= Beginning of Section =

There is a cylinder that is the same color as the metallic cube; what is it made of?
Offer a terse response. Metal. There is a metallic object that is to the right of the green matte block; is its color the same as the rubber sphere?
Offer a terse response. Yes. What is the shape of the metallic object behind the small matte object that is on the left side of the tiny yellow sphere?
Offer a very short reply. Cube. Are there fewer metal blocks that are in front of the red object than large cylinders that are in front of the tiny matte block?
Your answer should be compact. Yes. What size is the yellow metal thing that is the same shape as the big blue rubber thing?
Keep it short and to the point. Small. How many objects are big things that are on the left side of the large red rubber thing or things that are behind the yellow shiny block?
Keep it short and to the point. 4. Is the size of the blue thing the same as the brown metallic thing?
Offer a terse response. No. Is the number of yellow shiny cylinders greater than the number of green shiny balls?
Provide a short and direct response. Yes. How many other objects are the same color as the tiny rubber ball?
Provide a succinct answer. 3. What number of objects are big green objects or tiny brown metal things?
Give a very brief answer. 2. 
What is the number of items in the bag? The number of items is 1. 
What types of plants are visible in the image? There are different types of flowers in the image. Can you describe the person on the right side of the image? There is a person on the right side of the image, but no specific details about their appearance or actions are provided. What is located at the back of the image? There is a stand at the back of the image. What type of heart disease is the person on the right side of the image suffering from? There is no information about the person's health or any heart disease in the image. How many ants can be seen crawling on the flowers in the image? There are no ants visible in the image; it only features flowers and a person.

= End of Section =

TO DO >> For every line above with the word "behind" in it, make a copy.

SOLUTION TO THE PROBLEM >>
Offer a terse response. Yes. What is the shape of the metallic object behind the small matte object that is on the left side of the tiny yellow sphere?
Keep it short and to the point. Small. How many objects are big things that are on the left side of the large red rubber thing or things that are behind the yellow shiny block?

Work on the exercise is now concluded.